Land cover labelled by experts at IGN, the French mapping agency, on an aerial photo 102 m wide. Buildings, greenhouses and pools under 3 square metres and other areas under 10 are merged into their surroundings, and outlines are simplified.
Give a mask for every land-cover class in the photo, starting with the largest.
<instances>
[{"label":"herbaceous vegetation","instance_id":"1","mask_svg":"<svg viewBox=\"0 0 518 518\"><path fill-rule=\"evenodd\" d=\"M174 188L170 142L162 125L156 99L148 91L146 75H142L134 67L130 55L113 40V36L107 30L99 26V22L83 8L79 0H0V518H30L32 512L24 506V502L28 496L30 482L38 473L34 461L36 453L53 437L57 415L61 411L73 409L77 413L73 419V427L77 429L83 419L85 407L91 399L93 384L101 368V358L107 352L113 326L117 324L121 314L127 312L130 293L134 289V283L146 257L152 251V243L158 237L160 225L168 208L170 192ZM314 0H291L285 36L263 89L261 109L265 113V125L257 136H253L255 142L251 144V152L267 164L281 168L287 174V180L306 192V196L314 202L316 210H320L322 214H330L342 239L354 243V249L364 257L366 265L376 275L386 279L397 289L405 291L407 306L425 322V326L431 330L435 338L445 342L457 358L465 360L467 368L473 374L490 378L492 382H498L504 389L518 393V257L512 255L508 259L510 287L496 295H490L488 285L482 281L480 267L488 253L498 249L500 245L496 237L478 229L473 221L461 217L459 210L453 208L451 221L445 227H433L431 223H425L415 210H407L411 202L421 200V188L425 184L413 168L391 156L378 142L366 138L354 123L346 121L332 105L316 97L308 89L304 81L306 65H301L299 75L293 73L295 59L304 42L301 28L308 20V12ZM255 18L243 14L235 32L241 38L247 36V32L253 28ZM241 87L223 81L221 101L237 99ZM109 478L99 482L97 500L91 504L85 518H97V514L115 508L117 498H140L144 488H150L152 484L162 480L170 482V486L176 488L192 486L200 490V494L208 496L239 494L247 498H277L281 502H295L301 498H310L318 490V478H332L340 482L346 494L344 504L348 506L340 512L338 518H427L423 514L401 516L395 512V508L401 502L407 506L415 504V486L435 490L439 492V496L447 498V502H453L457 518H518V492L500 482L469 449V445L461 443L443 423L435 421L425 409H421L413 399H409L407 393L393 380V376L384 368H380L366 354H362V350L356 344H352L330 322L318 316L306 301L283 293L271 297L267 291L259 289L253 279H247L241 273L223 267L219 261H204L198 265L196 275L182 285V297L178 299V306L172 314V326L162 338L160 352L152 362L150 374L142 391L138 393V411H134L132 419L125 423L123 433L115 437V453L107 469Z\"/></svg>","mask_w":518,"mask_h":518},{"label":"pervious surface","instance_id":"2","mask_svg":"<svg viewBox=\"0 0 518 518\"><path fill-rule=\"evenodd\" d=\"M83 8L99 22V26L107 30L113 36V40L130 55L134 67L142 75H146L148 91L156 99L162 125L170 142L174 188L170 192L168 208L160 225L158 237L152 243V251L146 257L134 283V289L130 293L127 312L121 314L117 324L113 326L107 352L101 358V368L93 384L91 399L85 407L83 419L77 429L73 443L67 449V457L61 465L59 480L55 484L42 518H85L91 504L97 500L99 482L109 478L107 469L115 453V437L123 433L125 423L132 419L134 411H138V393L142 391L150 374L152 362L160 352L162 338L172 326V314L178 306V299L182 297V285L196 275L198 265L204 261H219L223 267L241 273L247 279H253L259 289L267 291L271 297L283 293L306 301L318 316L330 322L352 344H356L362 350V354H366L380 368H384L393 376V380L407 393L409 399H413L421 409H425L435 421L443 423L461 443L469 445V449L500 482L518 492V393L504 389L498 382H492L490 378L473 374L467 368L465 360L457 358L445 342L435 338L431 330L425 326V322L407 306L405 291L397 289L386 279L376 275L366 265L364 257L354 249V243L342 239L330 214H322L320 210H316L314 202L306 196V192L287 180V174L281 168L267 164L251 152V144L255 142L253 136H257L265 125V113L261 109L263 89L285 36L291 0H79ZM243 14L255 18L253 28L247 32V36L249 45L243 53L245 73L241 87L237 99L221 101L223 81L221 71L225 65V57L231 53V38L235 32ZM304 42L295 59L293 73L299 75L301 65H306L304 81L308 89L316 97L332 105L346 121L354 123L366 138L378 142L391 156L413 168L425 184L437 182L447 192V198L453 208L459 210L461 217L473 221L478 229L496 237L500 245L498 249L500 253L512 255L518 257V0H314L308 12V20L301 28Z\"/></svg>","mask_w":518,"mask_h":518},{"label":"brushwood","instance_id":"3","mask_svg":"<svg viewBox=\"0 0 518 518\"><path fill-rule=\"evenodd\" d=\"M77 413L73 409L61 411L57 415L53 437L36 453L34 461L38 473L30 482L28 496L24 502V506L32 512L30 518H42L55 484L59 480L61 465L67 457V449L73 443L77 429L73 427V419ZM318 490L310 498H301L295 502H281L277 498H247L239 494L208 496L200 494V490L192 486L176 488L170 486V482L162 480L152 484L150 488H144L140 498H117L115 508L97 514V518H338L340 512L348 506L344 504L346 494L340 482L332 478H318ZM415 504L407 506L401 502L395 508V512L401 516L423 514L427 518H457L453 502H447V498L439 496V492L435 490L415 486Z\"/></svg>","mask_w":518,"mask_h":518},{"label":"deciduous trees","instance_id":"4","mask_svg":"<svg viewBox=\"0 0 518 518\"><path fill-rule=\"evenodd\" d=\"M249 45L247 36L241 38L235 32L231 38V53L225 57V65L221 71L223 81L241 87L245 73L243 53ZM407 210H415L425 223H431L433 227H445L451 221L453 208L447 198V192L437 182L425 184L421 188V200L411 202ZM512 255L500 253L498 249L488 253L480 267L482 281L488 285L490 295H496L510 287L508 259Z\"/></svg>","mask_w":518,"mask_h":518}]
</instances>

###

§ YOUR TASK
Every line of the listing that includes the word "photo" belongs in the answer.

§ OUTPUT FOR THIS TASK
Land cover labelled by experts at IGN, the French mapping agency, on an aerial photo 102 m wide. Buildings, greenhouses and pools under 3 square metres and other areas under 10 are merged into their surroundings, and outlines are simplified.
Give a mask for every land-cover class in the photo, starting with the largest.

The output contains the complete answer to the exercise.